Task requirements » You are asked to write out the entries exactly as they are given.

The records »
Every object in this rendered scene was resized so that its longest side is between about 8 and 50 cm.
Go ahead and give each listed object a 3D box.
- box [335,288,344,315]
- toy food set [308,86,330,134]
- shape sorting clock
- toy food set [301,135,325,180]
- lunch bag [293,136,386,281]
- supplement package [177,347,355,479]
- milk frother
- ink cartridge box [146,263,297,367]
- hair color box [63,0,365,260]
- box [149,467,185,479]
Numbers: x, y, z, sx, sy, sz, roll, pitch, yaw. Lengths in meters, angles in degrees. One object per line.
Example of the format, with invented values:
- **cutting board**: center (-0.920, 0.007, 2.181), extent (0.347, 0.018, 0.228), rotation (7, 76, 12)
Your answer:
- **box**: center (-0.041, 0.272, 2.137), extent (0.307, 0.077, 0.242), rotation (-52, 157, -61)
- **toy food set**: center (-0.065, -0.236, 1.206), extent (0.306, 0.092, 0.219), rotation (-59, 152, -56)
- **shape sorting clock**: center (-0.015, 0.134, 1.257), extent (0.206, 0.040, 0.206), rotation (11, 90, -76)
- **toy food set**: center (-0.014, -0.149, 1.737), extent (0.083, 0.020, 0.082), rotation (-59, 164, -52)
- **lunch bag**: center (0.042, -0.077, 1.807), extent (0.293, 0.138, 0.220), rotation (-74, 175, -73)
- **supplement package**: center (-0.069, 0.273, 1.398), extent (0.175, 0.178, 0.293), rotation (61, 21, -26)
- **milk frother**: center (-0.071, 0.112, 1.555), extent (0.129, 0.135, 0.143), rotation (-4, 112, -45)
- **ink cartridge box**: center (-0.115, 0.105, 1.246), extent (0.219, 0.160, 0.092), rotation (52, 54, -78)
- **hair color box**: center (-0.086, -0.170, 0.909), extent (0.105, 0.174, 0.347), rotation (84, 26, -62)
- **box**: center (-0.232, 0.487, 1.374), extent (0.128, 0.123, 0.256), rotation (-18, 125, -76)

Response to this exercise »
Every object in this rendered scene was resized so that its longest side is between about 8 and 50 cm.
Go ahead and give each listed object a 3D box.
- box [335,288,344,315]
- toy food set [308,86,330,134]
- shape sorting clock
- toy food set [301,135,325,180]
- lunch bag [293,136,386,281]
- supplement package [177,347,355,479]
- milk frother
- ink cartridge box [146,263,297,367]
- hair color box [63,0,365,260]
- box [149,467,185,479]
Numbers: x, y, z, sx, sy, sz, roll, pitch, yaw. Lengths in meters, angles in degrees. One object per line.
Example of the format, with invented values:
- **cutting board**: center (-0.920, 0.007, 2.181), extent (0.347, 0.018, 0.228), rotation (7, 76, 12)
Your answer:
- **box**: center (-0.041, 0.272, 2.137), extent (0.307, 0.077, 0.242), rotation (-52, 157, -61)
- **toy food set**: center (-0.065, -0.236, 1.206), extent (0.306, 0.092, 0.219), rotation (-59, 152, -56)
- **shape sorting clock**: center (-0.015, 0.134, 1.257), extent (0.206, 0.040, 0.206), rotation (11, 90, -76)
- **toy food set**: center (-0.014, -0.149, 1.737), extent (0.083, 0.020, 0.082), rotation (-59, 164, -52)
- **lunch bag**: center (0.042, -0.077, 1.807), extent (0.293, 0.138, 0.220), rotation (-74, 175, -73)
- **supplement package**: center (-0.069, 0.273, 1.398), extent (0.175, 0.178, 0.293), rotation (61, 21, -26)
- **milk frother**: center (-0.071, 0.112, 1.555), extent (0.129, 0.135, 0.143), rotation (-4, 112, -45)
- **ink cartridge box**: center (-0.115, 0.105, 1.246), extent (0.219, 0.160, 0.092), rotation (52, 54, -78)
- **hair color box**: center (-0.086, -0.170, 0.909), extent (0.105, 0.174, 0.347), rotation (84, 26, -62)
- **box**: center (-0.232, 0.487, 1.374), extent (0.128, 0.123, 0.256), rotation (-18, 125, -76)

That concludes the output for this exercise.